Note: Note: The Main Entity drop-down list includes only primary entities. However, access to secondary entities (for example Session Start and Session End) can be done through its corresponding primary entity (for example, Session for Session Start and Session End).


By default, query data is sorted in ascending order by attribute value, with the sort keys ordered as the attributes appear in the query. Aliases are ignored for sorting purposes. The actual data values are always used for sorting. Attributes for which values are computed by the query (Count, Min, Max, or Avg) cannot be sorted.

To change the default sort order:

  1. Check the Order-by check box.
  2. Enter a number for Sort Rank (1 is the most major sort key).
  3. Optionally, check the Descend check box to sort the values of that attribute in descending sequence.

The last column of a tabular report is a count of main entity occurrences. To sort on this count in descending sequence (in other words, listing the greatest number occurrences first), mark the Sorted by occurrences check box.
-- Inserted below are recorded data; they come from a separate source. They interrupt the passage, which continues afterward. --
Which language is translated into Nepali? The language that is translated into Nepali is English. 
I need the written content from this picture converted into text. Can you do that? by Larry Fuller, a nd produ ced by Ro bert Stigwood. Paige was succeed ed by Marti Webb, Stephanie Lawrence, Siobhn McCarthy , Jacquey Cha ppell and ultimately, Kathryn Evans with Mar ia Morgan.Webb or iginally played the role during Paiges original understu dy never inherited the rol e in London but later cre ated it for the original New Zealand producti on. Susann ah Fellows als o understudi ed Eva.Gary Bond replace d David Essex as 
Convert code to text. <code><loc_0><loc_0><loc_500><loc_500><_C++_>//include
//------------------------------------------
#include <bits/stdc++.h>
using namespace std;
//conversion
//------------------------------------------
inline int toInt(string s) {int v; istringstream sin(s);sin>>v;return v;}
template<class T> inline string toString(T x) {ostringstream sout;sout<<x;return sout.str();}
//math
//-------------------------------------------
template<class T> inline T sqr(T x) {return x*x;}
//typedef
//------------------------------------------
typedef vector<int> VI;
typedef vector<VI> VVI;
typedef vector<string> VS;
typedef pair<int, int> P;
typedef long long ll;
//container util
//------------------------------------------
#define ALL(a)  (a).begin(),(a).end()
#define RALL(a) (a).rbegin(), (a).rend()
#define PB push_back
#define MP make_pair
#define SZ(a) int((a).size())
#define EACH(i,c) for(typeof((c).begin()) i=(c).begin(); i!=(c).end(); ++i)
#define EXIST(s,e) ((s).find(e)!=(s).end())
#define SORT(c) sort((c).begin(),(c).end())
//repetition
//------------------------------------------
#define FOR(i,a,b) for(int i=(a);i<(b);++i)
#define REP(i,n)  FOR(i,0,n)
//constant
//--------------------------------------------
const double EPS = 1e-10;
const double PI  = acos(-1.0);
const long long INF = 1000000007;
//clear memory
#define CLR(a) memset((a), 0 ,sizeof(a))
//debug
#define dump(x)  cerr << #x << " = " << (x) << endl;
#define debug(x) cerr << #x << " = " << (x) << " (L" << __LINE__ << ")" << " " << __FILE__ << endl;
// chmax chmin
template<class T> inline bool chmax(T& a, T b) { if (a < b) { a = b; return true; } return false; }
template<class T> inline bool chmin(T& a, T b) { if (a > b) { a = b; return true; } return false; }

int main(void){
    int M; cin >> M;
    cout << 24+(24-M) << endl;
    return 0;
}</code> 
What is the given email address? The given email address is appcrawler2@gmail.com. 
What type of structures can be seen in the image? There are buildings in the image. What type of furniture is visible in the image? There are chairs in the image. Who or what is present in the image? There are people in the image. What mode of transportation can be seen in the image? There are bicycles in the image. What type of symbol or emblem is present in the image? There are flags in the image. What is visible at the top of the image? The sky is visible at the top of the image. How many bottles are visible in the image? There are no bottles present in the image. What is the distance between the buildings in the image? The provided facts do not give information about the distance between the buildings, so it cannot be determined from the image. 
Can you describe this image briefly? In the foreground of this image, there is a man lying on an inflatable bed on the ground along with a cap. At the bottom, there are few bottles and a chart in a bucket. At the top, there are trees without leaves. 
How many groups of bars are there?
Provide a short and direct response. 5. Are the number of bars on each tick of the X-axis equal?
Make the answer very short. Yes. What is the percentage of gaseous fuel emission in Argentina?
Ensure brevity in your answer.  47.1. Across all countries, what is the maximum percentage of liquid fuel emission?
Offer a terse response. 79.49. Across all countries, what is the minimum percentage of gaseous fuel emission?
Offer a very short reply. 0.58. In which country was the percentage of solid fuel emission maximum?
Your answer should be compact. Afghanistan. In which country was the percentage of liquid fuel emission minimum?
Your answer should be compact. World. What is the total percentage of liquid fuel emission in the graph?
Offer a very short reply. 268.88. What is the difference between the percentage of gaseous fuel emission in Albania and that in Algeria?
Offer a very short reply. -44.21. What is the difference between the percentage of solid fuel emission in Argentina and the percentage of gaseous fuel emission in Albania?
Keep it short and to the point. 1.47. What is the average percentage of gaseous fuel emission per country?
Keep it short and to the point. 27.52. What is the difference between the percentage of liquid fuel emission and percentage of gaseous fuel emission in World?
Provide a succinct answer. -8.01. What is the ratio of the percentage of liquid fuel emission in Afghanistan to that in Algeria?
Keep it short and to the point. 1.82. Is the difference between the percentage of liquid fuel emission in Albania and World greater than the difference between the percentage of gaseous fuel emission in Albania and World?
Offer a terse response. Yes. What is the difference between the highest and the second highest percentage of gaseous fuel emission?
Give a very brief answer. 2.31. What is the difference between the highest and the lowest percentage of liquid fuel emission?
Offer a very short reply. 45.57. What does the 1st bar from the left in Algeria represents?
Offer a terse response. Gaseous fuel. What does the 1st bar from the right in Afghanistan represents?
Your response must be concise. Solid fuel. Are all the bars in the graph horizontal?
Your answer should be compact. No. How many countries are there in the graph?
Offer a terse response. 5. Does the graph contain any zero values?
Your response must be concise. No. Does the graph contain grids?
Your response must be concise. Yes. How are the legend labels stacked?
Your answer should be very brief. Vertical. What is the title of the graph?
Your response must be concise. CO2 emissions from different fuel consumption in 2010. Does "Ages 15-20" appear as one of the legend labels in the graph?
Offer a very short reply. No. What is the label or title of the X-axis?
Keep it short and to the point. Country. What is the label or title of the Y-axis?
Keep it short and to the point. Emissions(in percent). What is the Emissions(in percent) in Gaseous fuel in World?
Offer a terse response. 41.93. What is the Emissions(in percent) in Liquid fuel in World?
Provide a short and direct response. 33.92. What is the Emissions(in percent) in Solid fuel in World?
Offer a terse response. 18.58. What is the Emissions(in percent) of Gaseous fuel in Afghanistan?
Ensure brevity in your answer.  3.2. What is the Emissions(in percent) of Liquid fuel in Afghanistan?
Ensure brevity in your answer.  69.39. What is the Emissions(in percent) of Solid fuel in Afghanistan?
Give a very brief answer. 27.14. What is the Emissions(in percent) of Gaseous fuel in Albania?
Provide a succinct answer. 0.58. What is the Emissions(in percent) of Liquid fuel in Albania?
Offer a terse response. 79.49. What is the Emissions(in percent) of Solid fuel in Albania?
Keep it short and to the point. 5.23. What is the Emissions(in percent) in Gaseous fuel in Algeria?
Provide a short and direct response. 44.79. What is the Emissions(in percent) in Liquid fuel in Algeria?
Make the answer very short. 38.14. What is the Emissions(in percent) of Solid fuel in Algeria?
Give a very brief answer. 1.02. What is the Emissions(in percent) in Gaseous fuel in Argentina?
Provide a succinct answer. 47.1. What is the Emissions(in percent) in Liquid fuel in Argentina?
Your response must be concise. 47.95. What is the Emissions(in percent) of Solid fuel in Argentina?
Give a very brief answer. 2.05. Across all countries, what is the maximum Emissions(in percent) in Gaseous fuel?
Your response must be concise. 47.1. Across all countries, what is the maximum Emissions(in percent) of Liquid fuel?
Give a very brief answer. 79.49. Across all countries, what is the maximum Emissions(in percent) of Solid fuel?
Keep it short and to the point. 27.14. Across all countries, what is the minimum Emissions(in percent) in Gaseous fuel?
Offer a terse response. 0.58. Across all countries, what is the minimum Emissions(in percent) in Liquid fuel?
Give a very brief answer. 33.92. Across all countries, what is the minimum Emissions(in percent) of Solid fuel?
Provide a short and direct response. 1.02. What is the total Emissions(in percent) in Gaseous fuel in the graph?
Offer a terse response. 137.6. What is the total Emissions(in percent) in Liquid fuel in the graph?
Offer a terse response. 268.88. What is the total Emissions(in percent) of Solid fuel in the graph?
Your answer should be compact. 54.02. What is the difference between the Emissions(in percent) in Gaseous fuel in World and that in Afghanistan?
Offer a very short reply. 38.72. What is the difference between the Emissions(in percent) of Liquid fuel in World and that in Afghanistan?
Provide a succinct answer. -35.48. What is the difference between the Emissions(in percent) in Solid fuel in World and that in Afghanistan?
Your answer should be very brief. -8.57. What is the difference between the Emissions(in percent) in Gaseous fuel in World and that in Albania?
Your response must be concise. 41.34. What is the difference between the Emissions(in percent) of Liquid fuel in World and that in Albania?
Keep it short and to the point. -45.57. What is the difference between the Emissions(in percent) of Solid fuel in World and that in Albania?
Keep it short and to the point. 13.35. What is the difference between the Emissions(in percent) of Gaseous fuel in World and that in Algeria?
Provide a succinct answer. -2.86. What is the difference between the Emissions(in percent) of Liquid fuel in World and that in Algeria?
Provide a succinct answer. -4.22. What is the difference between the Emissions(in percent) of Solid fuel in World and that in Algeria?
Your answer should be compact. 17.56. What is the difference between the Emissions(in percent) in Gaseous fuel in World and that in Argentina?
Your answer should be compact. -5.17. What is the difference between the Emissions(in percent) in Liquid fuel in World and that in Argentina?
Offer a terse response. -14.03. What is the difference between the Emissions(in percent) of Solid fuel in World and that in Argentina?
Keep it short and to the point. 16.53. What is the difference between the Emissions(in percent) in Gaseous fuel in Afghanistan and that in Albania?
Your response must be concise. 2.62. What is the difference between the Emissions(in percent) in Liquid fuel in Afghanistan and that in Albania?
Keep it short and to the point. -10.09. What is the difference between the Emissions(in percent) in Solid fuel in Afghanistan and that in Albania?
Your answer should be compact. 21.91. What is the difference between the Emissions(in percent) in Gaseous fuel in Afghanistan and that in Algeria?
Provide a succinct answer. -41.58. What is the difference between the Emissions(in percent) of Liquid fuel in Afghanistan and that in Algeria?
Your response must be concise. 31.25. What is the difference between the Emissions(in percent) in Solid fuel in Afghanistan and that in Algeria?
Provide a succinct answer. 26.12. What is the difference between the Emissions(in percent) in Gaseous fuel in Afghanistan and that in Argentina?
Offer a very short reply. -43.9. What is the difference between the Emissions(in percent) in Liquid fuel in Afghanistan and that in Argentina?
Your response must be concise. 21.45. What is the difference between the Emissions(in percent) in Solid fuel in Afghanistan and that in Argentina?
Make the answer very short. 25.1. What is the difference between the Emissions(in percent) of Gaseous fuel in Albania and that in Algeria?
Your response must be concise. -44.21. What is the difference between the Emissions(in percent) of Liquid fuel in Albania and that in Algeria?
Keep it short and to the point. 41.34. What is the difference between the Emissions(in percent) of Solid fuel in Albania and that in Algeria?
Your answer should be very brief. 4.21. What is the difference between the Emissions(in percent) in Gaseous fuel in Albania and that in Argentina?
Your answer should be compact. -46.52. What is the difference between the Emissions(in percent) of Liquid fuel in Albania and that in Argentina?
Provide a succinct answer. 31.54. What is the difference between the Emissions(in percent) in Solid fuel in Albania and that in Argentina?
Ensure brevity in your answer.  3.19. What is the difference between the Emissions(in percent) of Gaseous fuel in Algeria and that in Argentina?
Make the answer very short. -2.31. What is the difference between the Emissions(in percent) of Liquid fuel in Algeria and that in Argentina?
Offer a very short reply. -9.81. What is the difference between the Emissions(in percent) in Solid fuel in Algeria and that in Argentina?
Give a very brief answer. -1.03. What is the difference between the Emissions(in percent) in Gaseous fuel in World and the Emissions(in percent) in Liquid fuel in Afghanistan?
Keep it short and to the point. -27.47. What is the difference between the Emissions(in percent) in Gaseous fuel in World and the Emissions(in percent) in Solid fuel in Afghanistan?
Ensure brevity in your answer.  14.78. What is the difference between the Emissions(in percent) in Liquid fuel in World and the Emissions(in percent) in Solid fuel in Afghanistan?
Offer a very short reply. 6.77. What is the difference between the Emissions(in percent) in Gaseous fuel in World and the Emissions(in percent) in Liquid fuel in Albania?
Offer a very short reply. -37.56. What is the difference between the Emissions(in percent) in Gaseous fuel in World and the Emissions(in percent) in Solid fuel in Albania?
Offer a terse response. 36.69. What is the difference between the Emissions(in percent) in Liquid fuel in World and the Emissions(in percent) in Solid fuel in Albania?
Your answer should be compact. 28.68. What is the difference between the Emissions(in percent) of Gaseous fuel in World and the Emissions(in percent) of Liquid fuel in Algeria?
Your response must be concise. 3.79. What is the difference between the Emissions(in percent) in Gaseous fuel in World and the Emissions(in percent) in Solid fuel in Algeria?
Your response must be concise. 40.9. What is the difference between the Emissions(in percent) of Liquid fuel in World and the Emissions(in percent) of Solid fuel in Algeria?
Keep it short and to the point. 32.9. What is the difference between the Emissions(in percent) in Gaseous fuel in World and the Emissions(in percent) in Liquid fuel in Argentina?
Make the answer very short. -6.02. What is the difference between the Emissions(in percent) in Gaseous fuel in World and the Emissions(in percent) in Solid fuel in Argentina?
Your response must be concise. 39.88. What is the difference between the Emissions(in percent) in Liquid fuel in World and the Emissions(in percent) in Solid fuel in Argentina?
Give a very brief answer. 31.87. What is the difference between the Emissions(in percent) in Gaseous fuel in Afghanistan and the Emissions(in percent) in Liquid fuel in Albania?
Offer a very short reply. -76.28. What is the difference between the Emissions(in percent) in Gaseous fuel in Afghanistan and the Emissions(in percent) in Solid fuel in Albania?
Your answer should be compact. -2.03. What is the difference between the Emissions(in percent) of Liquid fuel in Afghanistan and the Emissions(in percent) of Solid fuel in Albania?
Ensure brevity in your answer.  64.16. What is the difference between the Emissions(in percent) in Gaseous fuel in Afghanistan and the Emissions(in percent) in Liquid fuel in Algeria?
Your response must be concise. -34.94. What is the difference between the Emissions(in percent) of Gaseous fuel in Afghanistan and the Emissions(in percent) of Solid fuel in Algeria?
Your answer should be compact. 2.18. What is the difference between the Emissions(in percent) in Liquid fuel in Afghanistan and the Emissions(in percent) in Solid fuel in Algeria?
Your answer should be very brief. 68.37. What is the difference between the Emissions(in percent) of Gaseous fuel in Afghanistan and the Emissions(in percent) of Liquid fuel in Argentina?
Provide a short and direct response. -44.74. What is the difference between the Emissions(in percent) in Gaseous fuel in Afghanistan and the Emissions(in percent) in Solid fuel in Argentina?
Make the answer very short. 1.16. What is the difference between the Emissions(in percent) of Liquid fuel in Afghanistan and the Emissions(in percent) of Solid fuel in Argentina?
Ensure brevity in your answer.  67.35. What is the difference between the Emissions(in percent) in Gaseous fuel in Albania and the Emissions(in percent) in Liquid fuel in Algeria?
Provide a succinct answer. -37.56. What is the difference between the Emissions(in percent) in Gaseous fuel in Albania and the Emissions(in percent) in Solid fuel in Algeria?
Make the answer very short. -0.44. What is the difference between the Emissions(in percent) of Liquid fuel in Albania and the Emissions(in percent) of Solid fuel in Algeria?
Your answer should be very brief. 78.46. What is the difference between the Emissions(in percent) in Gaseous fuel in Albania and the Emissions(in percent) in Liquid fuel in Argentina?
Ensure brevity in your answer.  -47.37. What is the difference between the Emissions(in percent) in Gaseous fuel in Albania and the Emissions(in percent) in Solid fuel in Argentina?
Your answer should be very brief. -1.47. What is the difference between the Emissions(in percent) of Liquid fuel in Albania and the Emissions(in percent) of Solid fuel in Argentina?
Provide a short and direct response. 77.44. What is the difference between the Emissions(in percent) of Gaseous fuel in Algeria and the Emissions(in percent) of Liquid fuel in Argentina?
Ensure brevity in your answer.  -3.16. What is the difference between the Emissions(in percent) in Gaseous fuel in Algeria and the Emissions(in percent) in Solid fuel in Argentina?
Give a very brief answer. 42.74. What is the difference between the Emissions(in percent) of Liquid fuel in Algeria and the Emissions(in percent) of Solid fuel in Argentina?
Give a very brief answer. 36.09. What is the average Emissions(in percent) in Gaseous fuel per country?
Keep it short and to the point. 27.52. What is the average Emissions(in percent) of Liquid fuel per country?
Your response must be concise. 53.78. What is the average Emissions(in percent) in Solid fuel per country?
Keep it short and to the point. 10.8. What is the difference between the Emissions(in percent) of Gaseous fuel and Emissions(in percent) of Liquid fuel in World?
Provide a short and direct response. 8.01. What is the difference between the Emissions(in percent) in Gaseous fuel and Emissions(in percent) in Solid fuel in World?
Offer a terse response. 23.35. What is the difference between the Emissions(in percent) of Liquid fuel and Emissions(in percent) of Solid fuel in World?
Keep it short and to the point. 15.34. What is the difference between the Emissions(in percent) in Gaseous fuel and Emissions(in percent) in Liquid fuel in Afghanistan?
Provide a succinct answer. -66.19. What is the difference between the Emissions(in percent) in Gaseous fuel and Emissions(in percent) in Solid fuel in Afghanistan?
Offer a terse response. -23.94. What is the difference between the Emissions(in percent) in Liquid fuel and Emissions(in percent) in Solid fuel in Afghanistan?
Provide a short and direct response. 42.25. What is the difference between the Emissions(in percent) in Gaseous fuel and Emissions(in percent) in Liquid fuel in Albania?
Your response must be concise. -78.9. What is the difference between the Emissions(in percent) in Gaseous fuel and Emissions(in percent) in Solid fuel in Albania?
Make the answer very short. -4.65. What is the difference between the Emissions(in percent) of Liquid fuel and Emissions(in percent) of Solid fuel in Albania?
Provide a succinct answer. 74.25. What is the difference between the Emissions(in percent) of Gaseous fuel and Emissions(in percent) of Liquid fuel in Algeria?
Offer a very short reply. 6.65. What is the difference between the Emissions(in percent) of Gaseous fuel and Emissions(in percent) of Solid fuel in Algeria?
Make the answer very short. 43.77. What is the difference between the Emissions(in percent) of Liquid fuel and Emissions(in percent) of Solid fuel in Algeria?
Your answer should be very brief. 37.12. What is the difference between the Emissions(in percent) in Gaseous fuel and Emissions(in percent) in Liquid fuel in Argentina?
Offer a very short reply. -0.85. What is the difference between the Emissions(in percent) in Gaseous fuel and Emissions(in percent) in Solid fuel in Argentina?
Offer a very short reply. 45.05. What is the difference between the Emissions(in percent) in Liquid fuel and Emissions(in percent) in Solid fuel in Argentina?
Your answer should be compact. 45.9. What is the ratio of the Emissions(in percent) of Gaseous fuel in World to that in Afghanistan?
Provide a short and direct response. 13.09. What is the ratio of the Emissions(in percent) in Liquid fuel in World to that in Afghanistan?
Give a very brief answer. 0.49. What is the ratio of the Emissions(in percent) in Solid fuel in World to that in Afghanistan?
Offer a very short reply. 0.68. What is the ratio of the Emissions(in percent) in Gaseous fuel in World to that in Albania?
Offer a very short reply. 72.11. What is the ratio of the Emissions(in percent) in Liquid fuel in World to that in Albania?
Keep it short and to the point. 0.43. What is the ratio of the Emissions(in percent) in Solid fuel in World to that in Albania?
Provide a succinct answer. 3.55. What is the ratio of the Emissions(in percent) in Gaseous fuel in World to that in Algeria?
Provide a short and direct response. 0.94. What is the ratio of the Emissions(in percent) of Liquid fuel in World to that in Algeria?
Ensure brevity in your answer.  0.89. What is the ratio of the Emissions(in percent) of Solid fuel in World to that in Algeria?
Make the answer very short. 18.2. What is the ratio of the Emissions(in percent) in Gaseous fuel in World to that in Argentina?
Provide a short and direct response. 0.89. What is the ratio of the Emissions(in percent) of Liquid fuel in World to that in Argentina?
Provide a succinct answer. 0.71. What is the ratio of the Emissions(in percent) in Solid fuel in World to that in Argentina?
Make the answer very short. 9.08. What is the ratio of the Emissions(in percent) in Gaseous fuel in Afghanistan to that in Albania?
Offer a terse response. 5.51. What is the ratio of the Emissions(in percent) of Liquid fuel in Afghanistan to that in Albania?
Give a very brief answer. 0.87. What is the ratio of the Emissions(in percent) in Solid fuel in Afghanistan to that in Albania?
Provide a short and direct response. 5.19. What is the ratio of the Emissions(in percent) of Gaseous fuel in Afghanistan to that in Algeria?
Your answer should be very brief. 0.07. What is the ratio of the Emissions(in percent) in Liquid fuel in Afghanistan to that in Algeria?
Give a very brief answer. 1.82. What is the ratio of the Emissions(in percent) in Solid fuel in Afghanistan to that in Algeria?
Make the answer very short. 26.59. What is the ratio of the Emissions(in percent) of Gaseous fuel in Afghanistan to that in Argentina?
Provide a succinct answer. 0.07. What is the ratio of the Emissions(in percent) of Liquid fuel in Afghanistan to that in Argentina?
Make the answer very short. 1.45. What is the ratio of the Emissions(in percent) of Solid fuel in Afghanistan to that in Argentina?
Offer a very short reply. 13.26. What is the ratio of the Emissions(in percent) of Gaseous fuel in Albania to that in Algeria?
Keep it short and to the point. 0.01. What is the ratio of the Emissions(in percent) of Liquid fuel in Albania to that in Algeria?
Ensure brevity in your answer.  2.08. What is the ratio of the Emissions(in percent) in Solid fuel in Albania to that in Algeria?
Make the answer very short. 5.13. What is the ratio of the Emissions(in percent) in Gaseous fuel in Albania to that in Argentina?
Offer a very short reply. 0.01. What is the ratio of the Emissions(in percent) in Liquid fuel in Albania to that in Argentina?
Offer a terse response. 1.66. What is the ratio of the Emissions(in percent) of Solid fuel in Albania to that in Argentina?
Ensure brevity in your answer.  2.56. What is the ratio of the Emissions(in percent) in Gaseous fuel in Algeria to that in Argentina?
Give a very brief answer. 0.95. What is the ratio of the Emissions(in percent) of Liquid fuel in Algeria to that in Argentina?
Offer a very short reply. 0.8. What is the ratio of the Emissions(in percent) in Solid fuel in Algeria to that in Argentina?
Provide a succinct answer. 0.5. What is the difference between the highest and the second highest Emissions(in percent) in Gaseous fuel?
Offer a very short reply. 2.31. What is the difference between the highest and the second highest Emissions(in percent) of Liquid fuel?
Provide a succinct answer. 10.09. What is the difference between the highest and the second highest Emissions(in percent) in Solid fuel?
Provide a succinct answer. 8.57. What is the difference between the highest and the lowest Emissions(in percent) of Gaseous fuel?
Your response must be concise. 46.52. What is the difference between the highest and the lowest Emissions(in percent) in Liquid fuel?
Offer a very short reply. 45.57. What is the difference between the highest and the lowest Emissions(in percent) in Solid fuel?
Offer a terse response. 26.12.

A timestamp (lowercase t) is a data type containing a combined date-and-time value, which when printed displays in the format yyyy-mm-dd hh:mm:ss (for example, 2012-07-17 15:40:25). When creating or editing a query, most attributes with a timestamp data type display with a clock icon in the Entity List panel.

A Timestamp (uppercase T) is an attribute defined in many entity types, containing the time that the entity was last updated. For many timestamp attributes, you can print the date, time, weekday or year components separately, by referencing additional Timestamp attributes (Date, Time Weekday, or Year).